They both have really good laying queens that lay solid patterns. Something has to give and I'm getting a little old for climbing up ladders to lop off a branch. Figured I'd either split or use them for cell-starting and finishing. 
Have two cell starters built now. Yesterday I spent a lot of time running the big one thru a queen excluder because the first time thru I could not see her. SOOO many bees. 
After I shook nearly two deeps full of bees into the starter I finally found her on a frame. Found two frames with cells on them so made up two slot in a queen castle for them. So far have harvested 4 separate frames with cells. I bet there will be a couple more from the new cell starter. At this point a queen is a queen. Sort em out later.


----------



## aunt betty

Have days where I can see eggs and days where I can't.
Been kind of gloomy lately but today had some little breaks in the clouds enough to where for the first time in a while I spotted some.
Got me thinking maybe I better look in the Nicot and by golly there are eggs in it now. Some laying down so I must have been looking right at them yesterday. 

Anyhow...I got eggs in the basket. (right on schedule too!) 
Tomorrow I'll release the queen and take Nicot inside for a real close look under a loop with good lighting. 
Yahoo..I think.


----------



## Hoot Owl Lane Bees

That is exciting. 
Good Luck


----------



## aunt betty

Weather has not been being friendly. Have been either working in cloud-covered skies, windy, rainy, or too cold.
The other beeks think I'm nuts. 

Am dying to run over and dig around in that Nicot and get a really good close look but the way that the furnace keeps running tells me I better wait. Timing on doing all the manipulating has been rough and have not even tried to take a picture. 
I just run out when the sky looks right. 
It looks right now but it's too cold. 
After it hits the high for today (50) I'll go.
Looks like I'll be working the Nicot in the front seat of the pickup.

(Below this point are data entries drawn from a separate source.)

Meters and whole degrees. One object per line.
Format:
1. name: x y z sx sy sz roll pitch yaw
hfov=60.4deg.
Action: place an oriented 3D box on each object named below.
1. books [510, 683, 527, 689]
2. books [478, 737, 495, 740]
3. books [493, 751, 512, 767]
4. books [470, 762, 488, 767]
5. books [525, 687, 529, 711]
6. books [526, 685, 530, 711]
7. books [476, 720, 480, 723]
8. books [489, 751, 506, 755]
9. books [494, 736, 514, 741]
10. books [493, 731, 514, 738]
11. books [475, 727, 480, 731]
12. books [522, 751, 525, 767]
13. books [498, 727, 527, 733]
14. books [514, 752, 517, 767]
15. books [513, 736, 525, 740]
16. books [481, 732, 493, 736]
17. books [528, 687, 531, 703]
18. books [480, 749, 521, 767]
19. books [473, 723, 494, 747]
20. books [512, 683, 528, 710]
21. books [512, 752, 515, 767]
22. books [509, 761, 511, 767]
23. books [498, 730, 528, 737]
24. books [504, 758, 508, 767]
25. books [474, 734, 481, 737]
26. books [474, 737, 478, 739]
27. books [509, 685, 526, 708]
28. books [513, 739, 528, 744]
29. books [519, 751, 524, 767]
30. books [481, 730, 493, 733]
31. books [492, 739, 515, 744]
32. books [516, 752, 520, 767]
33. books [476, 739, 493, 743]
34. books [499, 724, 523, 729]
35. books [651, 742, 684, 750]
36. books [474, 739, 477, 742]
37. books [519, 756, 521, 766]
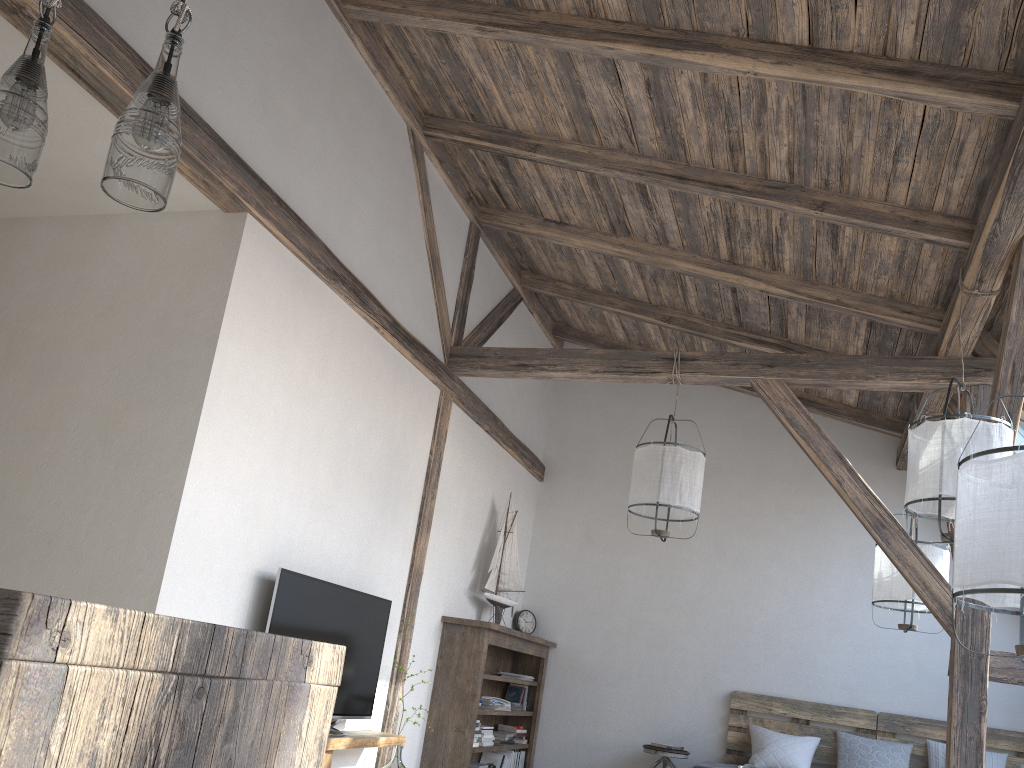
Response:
1. books: 0.032 2.450 6.896 0.138 0.186 0.052 4 -13 19
2. books: -0.233 2.437 6.077 0.157 0.016 0.226 0 -20 24
3. books: -0.102 2.834 6.516 0.157 0.206 0.093 4 -14 20
4. books: -0.255 2.658 6.133 0.132 0.020 0.206 2 -19 18
5. books: 0.055 2.480 6.963 0.139 0.180 0.020 4 -13 20
6. books: 0.071 2.481 6.980 0.136 0.195 0.021 4 -13 19
7. books: -0.307 2.212 5.793 0.139 0.018 0.191 2 -19 19
8. books: -0.148 2.819 6.484 0.157 0.200 0.111 4 -14 20
9. books: -0.092 2.636 6.564 0.159 0.022 0.218 2 -19 19
10. books: -0.087 2.616 6.571 0.151 0.023 0.235 4 -19 15
11. books: -0.317 2.260 5.791 0.157 0.021 0.226 4 -19 14
12. books: 0.014 2.961 6.850 0.157 0.214 0.037 4 -13 20
13. books: 0.002 2.675 6.807 0.157 0.021 0.226 1 -20 23
14. books: -0.051 2.891 6.672 0.157 0.213 0.022 4 -13 20
15. books: -0.005 2.719 6.794 0.204 0.021 0.155 6 -18 9
16. books: -0.227 2.407 6.076 0.139 0.018 0.191 2 -19 19
17. books: 0.070 2.497 7.008 0.139 0.180 0.020 4 -13 20
18. books: -0.097 2.846 6.598 0.201 0.241 0.424 3 -18 20
19. books: -0.292 2.352 5.938 0.206 0.147 0.567 3 -19 19
20. books: 0.051 2.466 6.946 0.135 0.196 0.021 4 -13 19
21. books: -0.067 2.866 6.605 0.157 0.214 0.017 4 -13 20
22. books: -0.090 2.860 6.543 0.139 0.178 0.067 4 -14 20
23. books: 0.006 2.700 6.808 0.161 0.025 0.209 -1 -20 26
24. books: -0.116 2.838 6.481 0.139 0.170 0.097 4 -15 20
25. books: -0.320 2.295 5.772 0.157 0.016 0.226 0 -20 24
26. books: -0.334 2.315 5.783 0.157 0.016 0.227 2 -19 19
27. books: 0.027 2.450 6.869 0.139 0.171 0.061 4 -14 18
28. books: -0.001 2.746 6.793 0.218 0.029 0.167 5 -19 13
29. books: 0.004 2.951 6.825 0.157 0.213 0.022 4 -13 20
30. books: -0.248 2.393 6.096 0.157 0.016 0.226 0 -20 24
31. books: -0.096 2.656 6.552 0.152 0.023 0.235 -1 -21 27
32. books: -0.033 2.906 6.708 0.157 0.214 0.017 4 -13 20
33. books: -0.242 2.447 6.058 0.157 0.016 0.227 2 -19 19
34. books: -0.009 2.660 6.834 0.142 0.019 0.208 2 -19 19
35. books: 1.139 2.659 6.456 0.209 0.021 0.151 24 -24 -39
36. books: -0.343 2.331 5.776 0.157 0.021 0.226 2 -19 19
37. books: -0.011 2.951 6.781 0.139 0.180 0.019 4 -13 20
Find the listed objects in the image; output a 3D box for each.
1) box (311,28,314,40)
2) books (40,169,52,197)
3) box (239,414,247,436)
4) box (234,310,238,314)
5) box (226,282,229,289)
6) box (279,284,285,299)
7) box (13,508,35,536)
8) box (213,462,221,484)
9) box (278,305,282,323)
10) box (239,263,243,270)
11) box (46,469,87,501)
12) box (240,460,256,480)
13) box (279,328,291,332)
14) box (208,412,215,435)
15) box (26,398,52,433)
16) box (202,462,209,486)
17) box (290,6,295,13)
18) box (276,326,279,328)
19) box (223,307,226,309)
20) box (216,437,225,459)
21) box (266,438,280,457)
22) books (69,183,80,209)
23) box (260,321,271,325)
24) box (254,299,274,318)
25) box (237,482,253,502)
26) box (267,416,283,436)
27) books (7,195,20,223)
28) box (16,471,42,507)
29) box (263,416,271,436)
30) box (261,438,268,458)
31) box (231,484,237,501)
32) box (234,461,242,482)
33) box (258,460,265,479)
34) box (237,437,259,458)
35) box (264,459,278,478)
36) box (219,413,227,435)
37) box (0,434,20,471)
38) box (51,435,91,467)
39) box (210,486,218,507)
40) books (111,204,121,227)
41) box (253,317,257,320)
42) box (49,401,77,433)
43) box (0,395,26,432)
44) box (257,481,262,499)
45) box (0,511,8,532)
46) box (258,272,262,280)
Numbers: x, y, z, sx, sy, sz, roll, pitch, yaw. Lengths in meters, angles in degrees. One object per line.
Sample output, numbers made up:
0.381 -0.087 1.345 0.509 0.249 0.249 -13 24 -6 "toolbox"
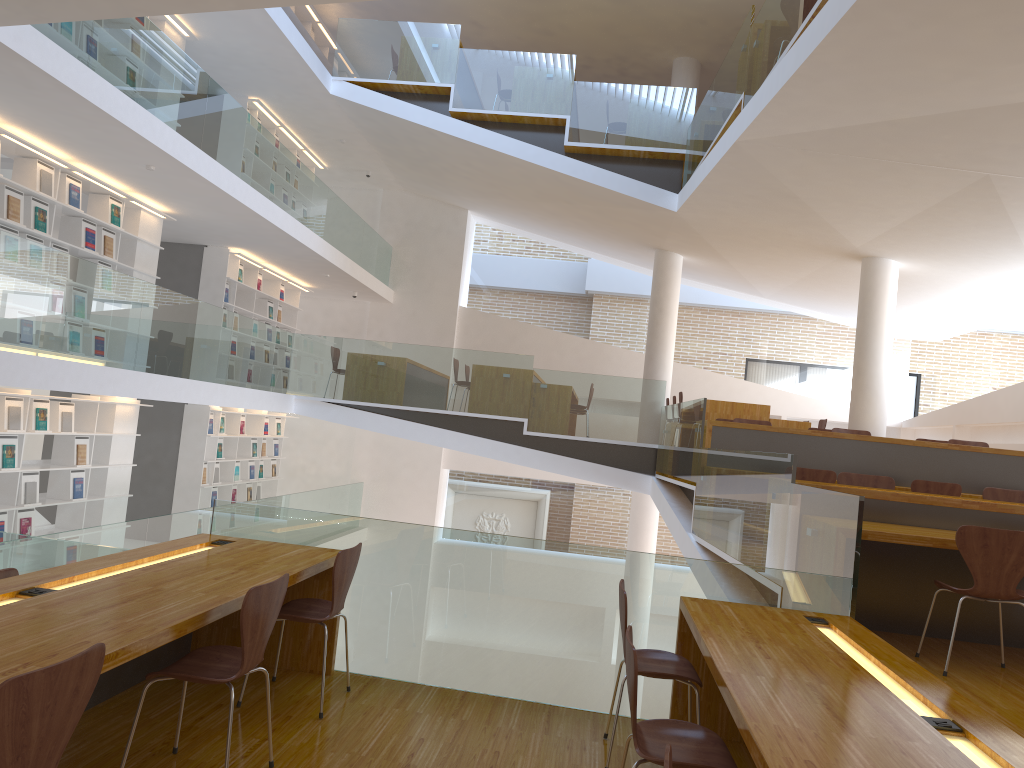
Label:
-3.228 -5.444 13.913 0.274 0.296 0.245 6 -3 6 "box"
-4.071 -1.753 7.753 0.037 0.210 0.145 6 -3 6 "books"
-3.944 0.576 12.660 0.274 0.296 0.245 6 -3 6 "box"
-3.870 -0.862 12.065 0.274 0.296 0.245 6 -3 6 "box"
-3.874 -1.213 11.704 0.274 0.296 0.245 6 -3 6 "box"
-3.644 -1.410 13.689 0.274 0.296 0.245 6 -3 6 "box"
-4.449 1.257 7.963 0.274 0.296 0.245 6 -3 6 "box"
-4.081 1.185 11.952 0.274 0.296 0.245 6 -3 6 "box"
-3.678 -1.084 13.671 0.274 0.296 0.245 6 -3 6 "box"
-3.803 -1.514 12.100 0.274 0.296 0.245 6 -3 6 "box"
-4.344 0.977 8.695 0.274 0.296 0.245 6 -3 6 "box"
-3.958 1.266 13.180 0.274 0.296 0.245 6 -3 6 "box"
-3.659 -0.724 14.174 0.274 0.296 0.245 6 -3 6 "box"
-4.051 0.511 11.616 0.274 0.296 0.245 6 -3 6 "box"
-4.347 0.278 8.027 0.274 0.296 0.245 6 -3 6 "box"
-4.118 1.160 11.579 0.274 0.296 0.245 6 -3 6 "box"
-3.317 -5.505 12.998 0.274 0.296 0.245 6 -3 6 "box"
-3.712 -0.758 13.643 0.274 0.296 0.245 6 -3 6 "box"
-3.907 -0.887 11.693 0.274 0.296 0.245 6 -3 6 "box"
-4.045 0.856 11.993 0.274 0.296 0.245 6 -3 6 "box"
-3.837 0.997 14.079 0.274 0.296 0.245 6 -3 6 "box"
-4.029 -1.727 8.170 0.037 0.210 0.145 6 -3 6 "books"
-3.747 -0.781 13.293 0.274 0.296 0.245 6 -3 6 "box"
-3.714 -1.107 13.311 0.274 0.296 0.245 6 -3 6 "box"
-3.991 1.593 13.175 0.274 0.296 0.245 6 -3 6 "box"
-3.803 0.671 14.097 0.274 0.296 0.245 6 -3 6 "box"
-4.144 -1.449 7.375 0.037 0.210 0.145 6 -3 6 "books"
-4.416 0.930 7.976 0.274 0.296 0.245 6 -3 6 "box"
-3.855 0.637 13.575 0.274 0.296 0.245 6 -3 6 "box"
-3.889 0.963 13.557 0.274 0.296 0.245 6 -3 6 "box"
-4.047 1.556 12.613 0.274 0.296 0.245 6 -3 6 "box"
-4.012 1.231 12.646 0.274 0.296 0.245 6 -3 6 "box"
-3.923 1.289 13.529 0.274 0.296 0.245 6 -3 6 "box"
-3.925 0.940 13.198 0.274 0.296 0.245 6 -3 6 "box"
-3.869 1.324 14.074 0.274 0.296 0.245 6 -3 6 "box"
-4.014 0.533 11.986 0.274 0.296 0.245 6 -3 6 "box"
-4.418 0.580 7.632 0.274 0.296 0.245 6 -3 6 "box"
-4.310 0.651 8.711 0.274 0.296 0.245 6 -3 6 "box"
-4.111 1.514 11.972 0.274 0.296 0.245 6 -3 6 "box"
-3.960 -1.679 8.866 0.037 0.210 0.145 6 -3 6 "books"
-3.801 -0.816 12.759 0.274 0.296 0.245 6 -3 6 "box"
-4.822 1.812 4.899 0.498 3.764 7.125 6 -3 6 "box"
-4.384 0.254 7.657 0.274 0.296 0.245 6 -3 6 "box"
-3.955 1.617 13.530 0.274 0.296 0.245 6 -3 6 "box"
-4.486 1.233 7.591 0.274 0.296 0.245 6 -3 6 "box"
-3.733 -1.471 12.773 0.274 0.296 0.245 6 -3 6 "box"
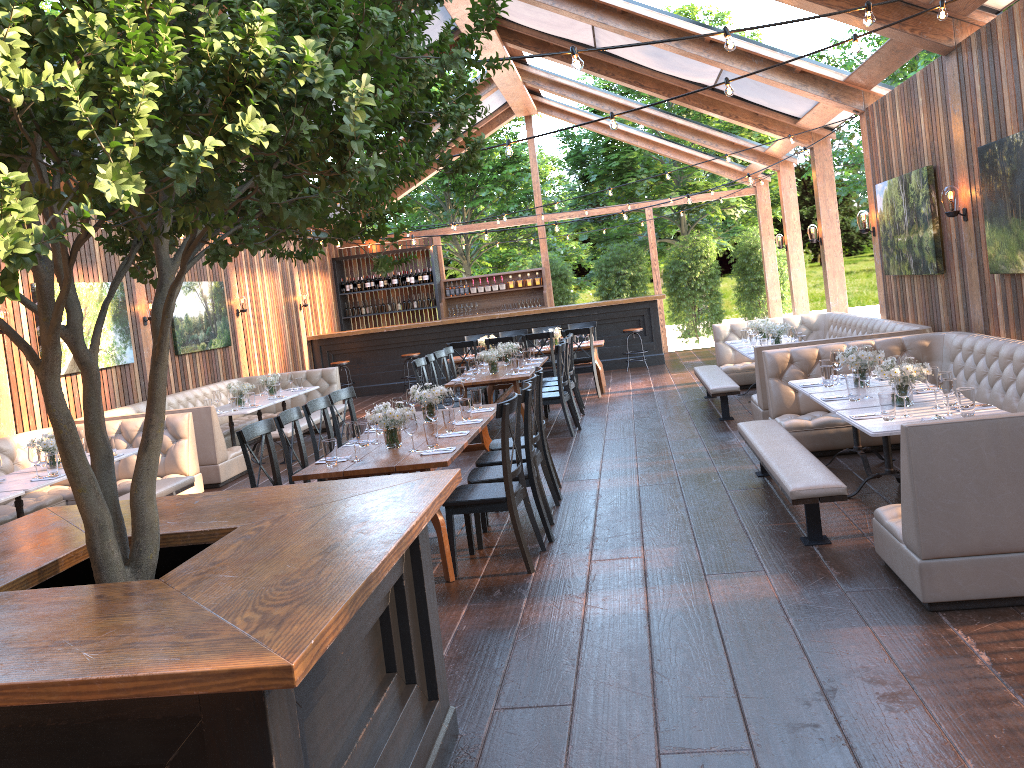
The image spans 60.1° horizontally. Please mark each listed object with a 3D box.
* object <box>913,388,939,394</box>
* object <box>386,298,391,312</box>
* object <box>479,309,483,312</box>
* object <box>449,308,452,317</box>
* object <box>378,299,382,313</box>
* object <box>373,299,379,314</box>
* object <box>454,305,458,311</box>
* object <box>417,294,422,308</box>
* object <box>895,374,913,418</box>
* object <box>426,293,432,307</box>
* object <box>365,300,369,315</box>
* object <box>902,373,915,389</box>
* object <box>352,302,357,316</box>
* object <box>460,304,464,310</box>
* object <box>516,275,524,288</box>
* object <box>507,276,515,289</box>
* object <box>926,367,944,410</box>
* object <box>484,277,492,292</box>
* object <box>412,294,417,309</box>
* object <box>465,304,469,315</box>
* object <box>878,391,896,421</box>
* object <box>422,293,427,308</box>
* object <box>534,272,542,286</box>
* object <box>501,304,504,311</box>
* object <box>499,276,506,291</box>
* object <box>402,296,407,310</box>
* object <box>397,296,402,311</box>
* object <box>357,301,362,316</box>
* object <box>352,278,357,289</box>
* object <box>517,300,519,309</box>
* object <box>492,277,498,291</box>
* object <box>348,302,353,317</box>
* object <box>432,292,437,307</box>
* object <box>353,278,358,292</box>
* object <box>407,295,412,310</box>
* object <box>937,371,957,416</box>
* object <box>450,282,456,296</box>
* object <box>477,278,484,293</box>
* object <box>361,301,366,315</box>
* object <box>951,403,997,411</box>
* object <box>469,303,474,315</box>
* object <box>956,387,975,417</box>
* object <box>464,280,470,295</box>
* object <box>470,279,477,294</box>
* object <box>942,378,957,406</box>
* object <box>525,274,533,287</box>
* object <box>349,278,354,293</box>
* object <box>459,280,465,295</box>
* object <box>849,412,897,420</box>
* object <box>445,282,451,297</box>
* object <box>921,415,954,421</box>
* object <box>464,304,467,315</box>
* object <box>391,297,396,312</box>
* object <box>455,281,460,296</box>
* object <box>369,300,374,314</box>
[{"bbox_3d":[2.742,0.042,5.880,0.255,0.019,0.158,-6,6,8],"label":"object"},{"bbox_3d":[-2.648,-1.689,18.872,0.094,0.308,0.094,-7,2,-11],"label":"object"},{"bbox_3d":[-0.643,-1.562,18.937,0.123,0.096,0.125,-5,5,19],"label":"object"},{"bbox_3d":[-1.316,-1.516,18.834,0.070,0.185,0.070,-6,3,12],"label":"object"},{"bbox_3d":[-2.832,-1.676,18.953,0.094,0.308,0.094,-5,3,34],"label":"object"},{"bbox_3d":[-2.925,-1.667,18.979,0.094,0.308,0.094,-7,2,4],"label":"object"},{"bbox_3d":[-1.178,-1.569,18.901,0.092,0.244,0.093,-6,3,28],"label":"object"},{"bbox_3d":[-1.969,-1.768,18.841,0.094,0.308,0.094,-6,3,29],"label":"object"},{"bbox_3d":[2.259,0.068,5.098,0.093,0.244,0.092,-9,3,-34],"label":"object"},{"bbox_3d":[-1.769,-1.785,18.773,0.094,0.308,0.094,-7,2,9],"label":"object"},{"bbox_3d":[-3.111,-1.649,19.023,0.095,0.308,0.094,-8,3,-28],"label":"object"},{"bbox_3d":[2.711,-0.042,6.047,0.092,0.158,0.092,-7,3,-6],"label":"object"},{"bbox_3d":[-3.395,-1.614,19.009,0.094,0.308,0.094,-8,3,-27],"label":"object"},{"bbox_3d":[-1.067,-1.580,18.880,0.092,0.244,0.093,-6,3,28],"label":"object"},{"bbox_3d":[0.176,-2.183,18.828,0.176,0.288,0.110,-6,3,13],"label":"object"},{"bbox_3d":[-0.019,-2.160,18.832,0.176,0.288,0.110,-7,3,3],"label":"object"},{"bbox_3d":[2.503,0.024,5.236,0.093,0.244,0.092,-9,3,-34],"label":"object"},{"bbox_3d":[-0.515,-2.118,18.892,0.138,0.310,0.139,-6,3,12],"label":"object"},{"bbox_3d":[-2.079,-1.755,18.839,0.095,0.308,0.094,-8,3,-28],"label":"object"},{"bbox_3d":[-0.958,-1.593,18.873,0.092,0.244,0.092,-8,3,-17],"label":"object"},{"bbox_3d":[2.150,0.128,5.062,0.092,0.158,0.092,-7,3,-6],"label":"object"},{"bbox_3d":[-1.870,-1.775,18.799,0.094,0.308,0.094,-7,2,4],"label":"object"},{"bbox_3d":[0.549,-2.222,18.774,0.176,0.288,0.110,-6,3,13],"label":"object"},{"bbox_3d":[-0.172,-1.627,18.849,0.097,0.134,0.097,-7,3,-6],"label":"object"},{"bbox_3d":[-0.208,-2.153,18.866,0.138,0.310,0.139,-6,3,12],"label":"object"},{"bbox_3d":[-2.298,-1.732,18.878,0.094,0.308,0.095,-5,3,35],"label":"object"},{"bbox_3d":[-2.415,-1.717,18.870,0.094,0.308,0.094,-7,2,5],"label":"object"},{"bbox_3d":[-3.294,-1.629,19.033,0.094,0.308,0.095,-5,3,35],"label":"object"},{"bbox_3d":[-3.410,-2.134,19.071,0.137,0.315,0.136,-8,3,-30],"label":"object"},{"bbox_3d":[0.148,-1.665,18.596,0.074,0.180,0.073,-8,3,-18],"label":"object"},{"bbox_3d":[-0.367,-2.134,18.866,0.138,0.310,0.138,-7,3,2],"label":"object"},{"bbox_3d":[-3.486,-1.603,19.012,0.094,0.308,0.094,-6,2,13],"label":"object"},{"bbox_3d":[-1.663,-1.800,18.795,0.094,0.308,0.094,-5,3,34],"label":"object"},{"bbox_3d":[-3.363,-2.124,18.934,0.077,0.308,0.077,-7,2,-14],"label":"object"},{"bbox_3d":[-2.189,-1.740,18.828,0.094,0.308,0.094,-8,3,-27],"label":"object"},{"bbox_3d":[2.457,0.054,4.998,0.093,0.244,0.092,-9,3,-34],"label":"object"},{"bbox_3d":[-1.279,-2.041,18.990,0.094,0.317,0.095,-6,3,23],"label":"object"},{"bbox_3d":[-0.671,-2.102,18.918,0.138,0.310,0.139,-7,3,8],"label":"object"},{"bbox_3d":[-3.200,-1.638,19.019,0.094,0.308,0.094,-7,2,5],"label":"object"},{"bbox_3d":[2.643,0.134,5.110,0.255,0.019,0.158,-6,6,8],"label":"object"},{"bbox_3d":[-0.859,-1.602,18.850,0.092,0.244,0.092,-8,3,-17],"label":"object"},{"bbox_3d":[2.514,0.102,4.893,0.092,0.158,0.092,-7,3,-6],"label":"object"},{"bbox_3d":[-0.973,-2.075,18.964,0.094,0.317,0.095,-6,3,18],"label":"object"},{"bbox_3d":[-0.825,-2.086,18.943,0.138,0.310,0.139,-6,3,12],"label":"object"},{"bbox_3d":[2.611,0.050,5.281,0.092,0.158,0.092,-7,3,-6],"label":"object"},{"bbox_3d":[0.361,-2.198,18.764,0.176,0.288,0.110,-7,3,3],"label":"object"},{"bbox_3d":[-3.447,-2.115,18.966,0.077,0.306,0.077,-6,3,24],"label":"object"},{"bbox_3d":[-1.079,-2.062,18.960,0.094,0.317,0.095,-7,2,3],"label":"object"},{"bbox_3d":[2.139,0.181,5.235,0.255,0.019,0.158,-6,6,8],"label":"object"},{"bbox_3d":[-1.377,-2.034,19.031,0.094,0.317,0.095,-7,2,8],"label":"object"},{"bbox_3d":[2.355,0.194,4.869,0.157,0.019,0.256,-6,6,8],"label":"object"},{"bbox_3d":[-0.978,-1.601,18.972,0.092,0.244,0.093,-6,3,28],"label":"object"},{"bbox_3d":[-2.532,-1.707,18.903,0.094,0.308,0.094,-7,2,8],"label":"object"},{"bbox_3d":[-1.174,-2.056,19.007,0.094,0.317,0.095,-7,2,3],"label":"object"},{"bbox_3d":[-3.027,-1.652,18.952,0.094,0.308,0.094,-6,3,29],"label":"object"}]

After going part-way thru the Nicot adventure I'm beginning to see why it's not as popular as you would think.
Once you put a queen into the cage you're chained to it metaphorically for a few days. 
Grafting seems like it'd be so much easier and faster. Less impact on the colony. 
I wish I could see better or at least had perfect conditions to see whenever I needed it. Poor lighting and I'm pretty much blind to seeing eggs and fresh-hatched larva. 

Have all the stuff to graft and that's plan B.Try that after this Nicot stuff plays out or not.


----------



## ruthiesbees

Eggs in the nicot sure are hard to see unless you can bring them inside and blow up the photo. My eggs should be larvae by Sat/Sun.


----------



## aunt betty

I looked with bright sunlight and all I could see were a couple eggs laying down. 
Had the queen in a separate cage and decided to just let her loose back into the hive. 
Five days of no eggs production is not very cool. 
Left the cassette in and will still take a look to see if something hatches but it's not looking too good.
Think maybe I saw around ten eggs. Using the loop was sort of worthless. Something about the design of the cassette makes viewing into it difficult. One of the things I loathe about the NIcot is that the brown cell cups have a little dot in the center. (casting mark)
In a couple days if I still got nothing I'll put the other target queen in the cage in her own hive. Still have the two cell builders and found another queen frame cell this morning in one of them so I do have 5 frames with cells going each in their own nuc or queen castle slot. One way or another I'm going to make some queens.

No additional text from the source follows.